The presence of unemployment insurance leads to people remaining unemployed for longer. The intuitive explanation is moral hazard — if we pay people only if they are unemployed, then unemployed they will remain. There is an unstated assumption here that jobs are all the same, when they are clearly not. People engage in search not to find just any job, but to find the right job. If people are constrained by their ability to borrow, then they may not search long enough for the right job, and everyone suffers for it. Providing people with money could allow them to find the optimal job, and everyone is better off. How much of the increase in the duration of unemployment spells from unemployment insurance is due to overcoming their lack of liquidity? And how much is due to moral hazard?
This is the premise of Raj Chetty’s “Moral Hazard vs Liquidity and Optimal Unemployment Insurance”, from 2006. He estimates that 60% of the increase in unemployment duration is due to people’s liquidity constraints being relieved, and 40% due to moral hazard.
He estimates this with a novel strategy. Baily (1978) shows how optimal unemployment insurance can be derived from three “primitives” (which is just jargon for terms which are not defined as combinations of other things) — the coefficient of relative risk aversion, the elasticity of unemployment duration with respect to benefits, and the drop in consumption as a function of UI benefits. Other models add particular constraints, such as a limit or price to borrow, but they are essentially empirically estimating each piece.
Chetty eschews this, and instead directly compares durations for households which have more savings and assets, and those which don’t. First, he looks at the difference in the change in durations among constrained and unconstrained households when states change their benefit generosity. Then, he compares those which received lump sum severance payments, to those who did not. For households with plenty of assets, the receipt of severance had no effect on the duration of unemployment, while for households which lacked savings, severance substantially increased the duration of unemployment. Using this, he can calculate out the optimal level of unemployment insurance. Assuming that unemployment insurance pays out for six months, the optimal rate is about half of income.

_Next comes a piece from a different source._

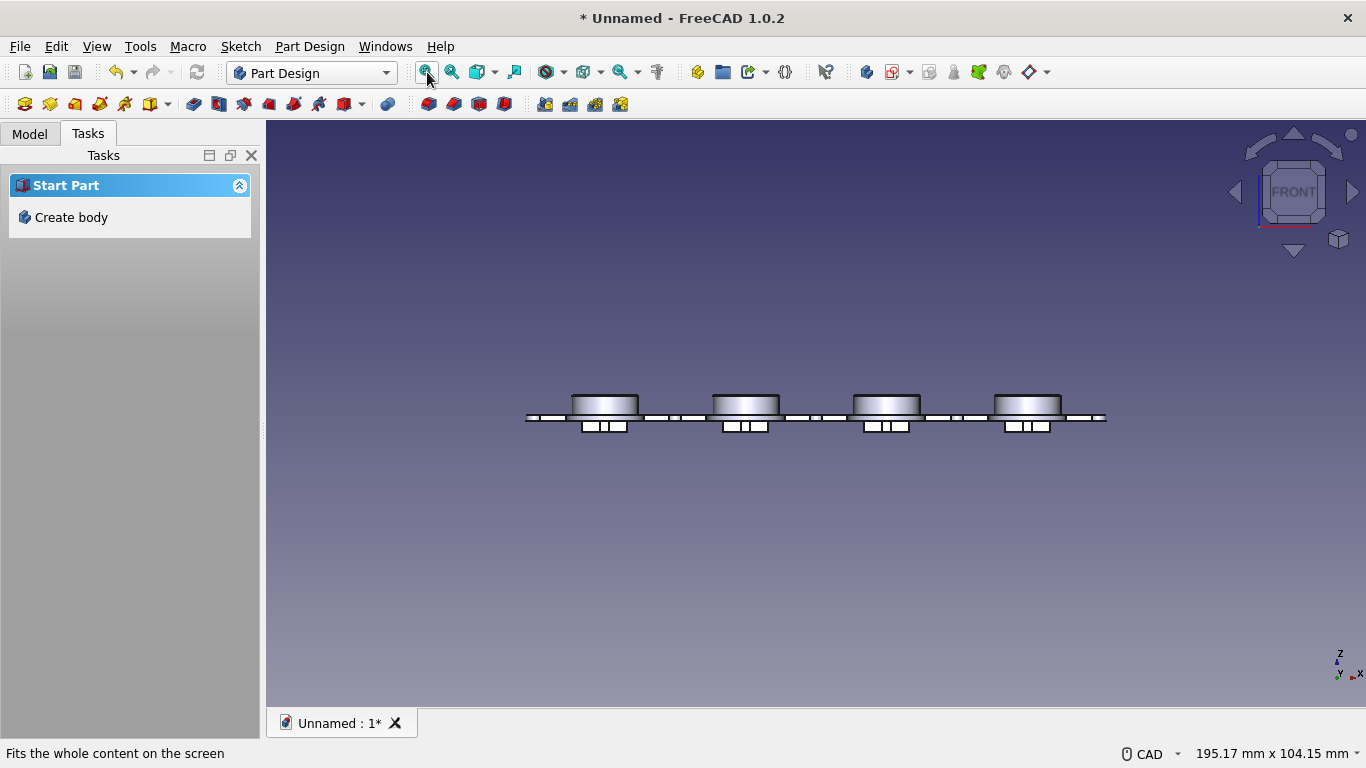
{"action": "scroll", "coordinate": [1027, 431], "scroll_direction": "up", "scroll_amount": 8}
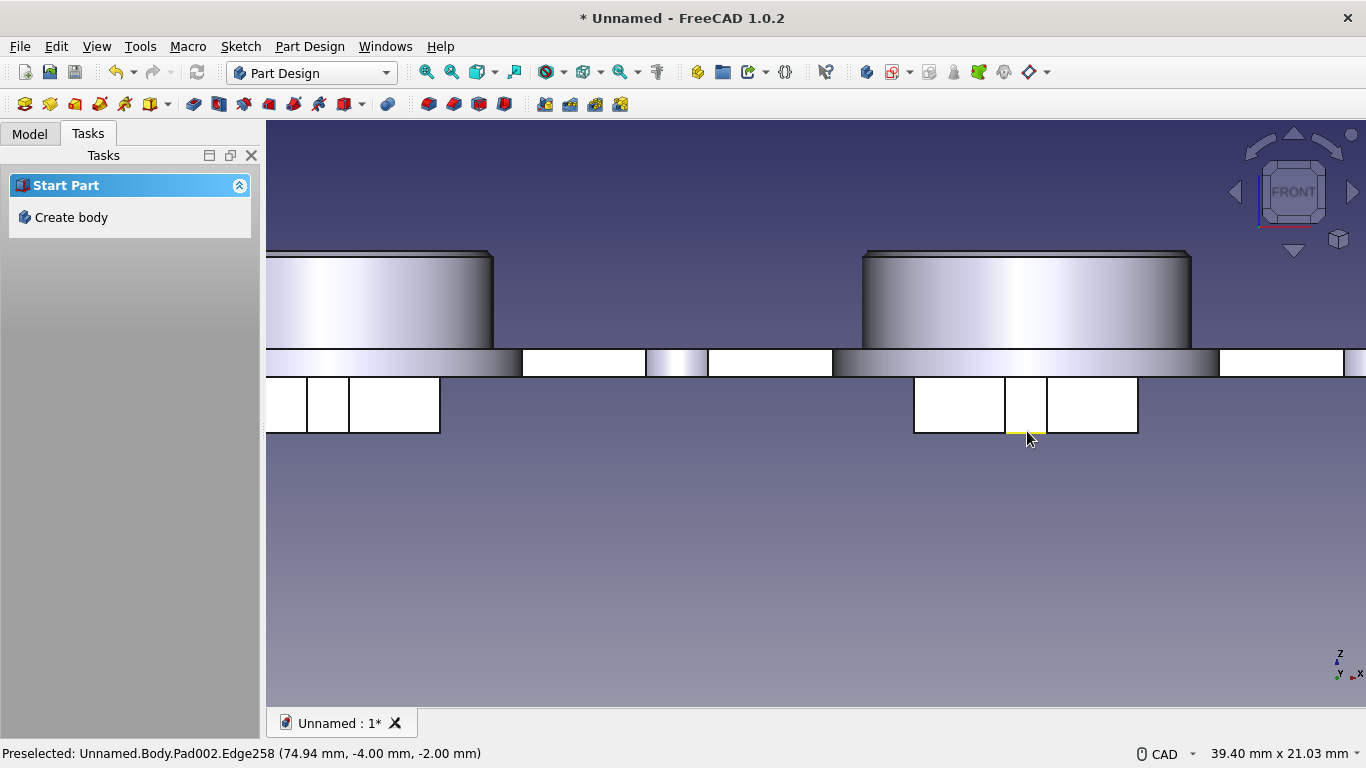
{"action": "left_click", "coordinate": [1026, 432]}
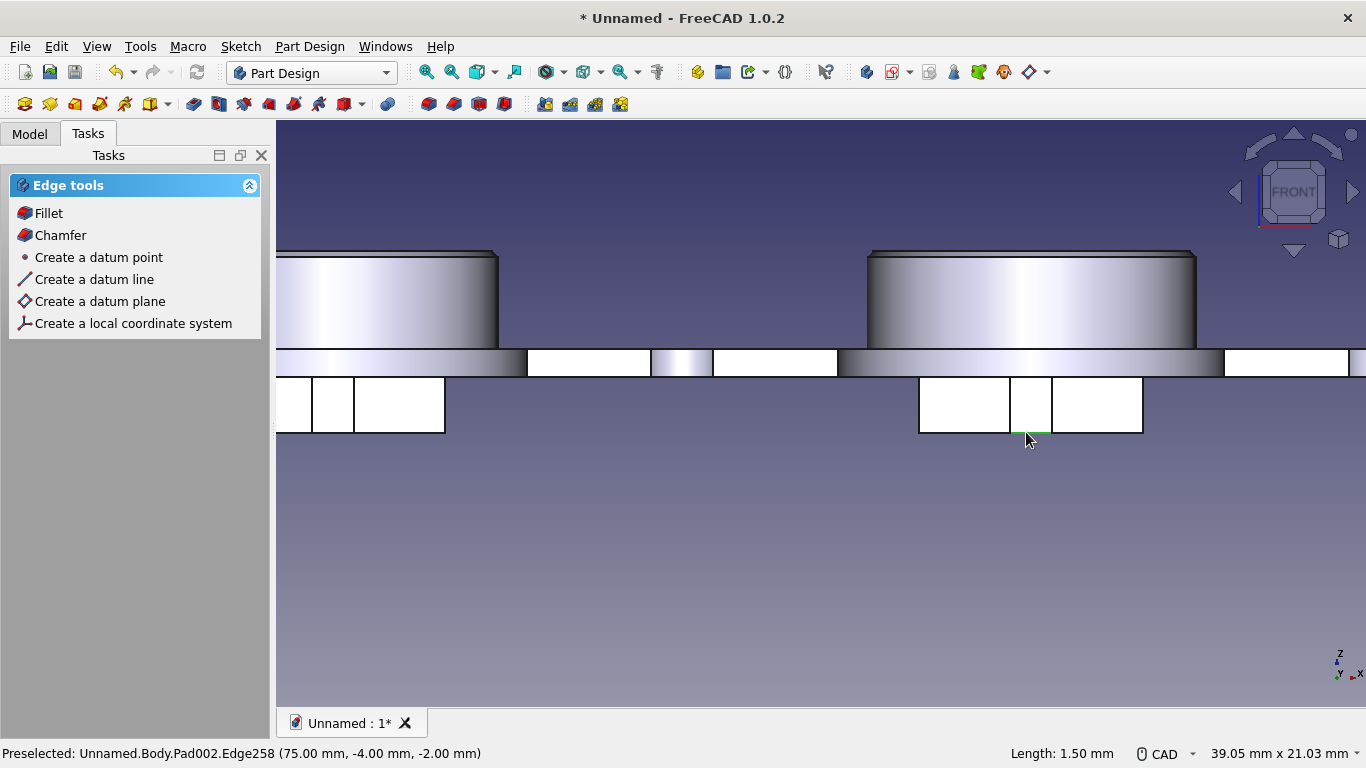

The striking implication of this is that we could get the best of both worlds if we replaced unemployment insurance with guaranteed benefits. It doesn’t even need to be a lump-sum payment, if we are concerned about people squandering their money early. Instead of paying up to six months, we could guarantee four months, and no more.
It is unfortunate that we cannot use the simpler elasticity approach to evaluate this, though we can estimate primitives — the key primitive to estimate being risk aversion. If we are extremely scared of our benefits not supporting us for the entire period we are unemployed, we might prefer the elastic insurance, moral hazard aside. I cannot, alas, answer whether it is optimal at this time.
The other concern would be that workers (perhaps in cahoots with their employers) would scam the government by getting laid off repeatedly, and then going back to work, perhaps to informal employers. This seems like less of a concern for the United States, though, which has relatively limited informal employment. The system can be exploited as such now — I doubt that there would be much of a difference from guaranteed benefits.
Another option is to have people formally declare unemployment and collect EITC checks whenever they want. They get taxed on the money they take out and their after-the-fact income for that year. People with high incomes won't bother to get a check, those with low incomes will.
https://splittinginfinity.substack.com/p/instead-of-targeting-welfare-charge
Then the problem of people scamming the government via informal employment falls to the IRS.
In this discussion I allways miss an elephant in the room: macro economic insurance. Perhaps when un employment lévels are low, moral hazard is important. But un-employment is to a large extent a macro phenomenon.
Moral hazard is less relevant in a recession, and insurance helps to sustain output.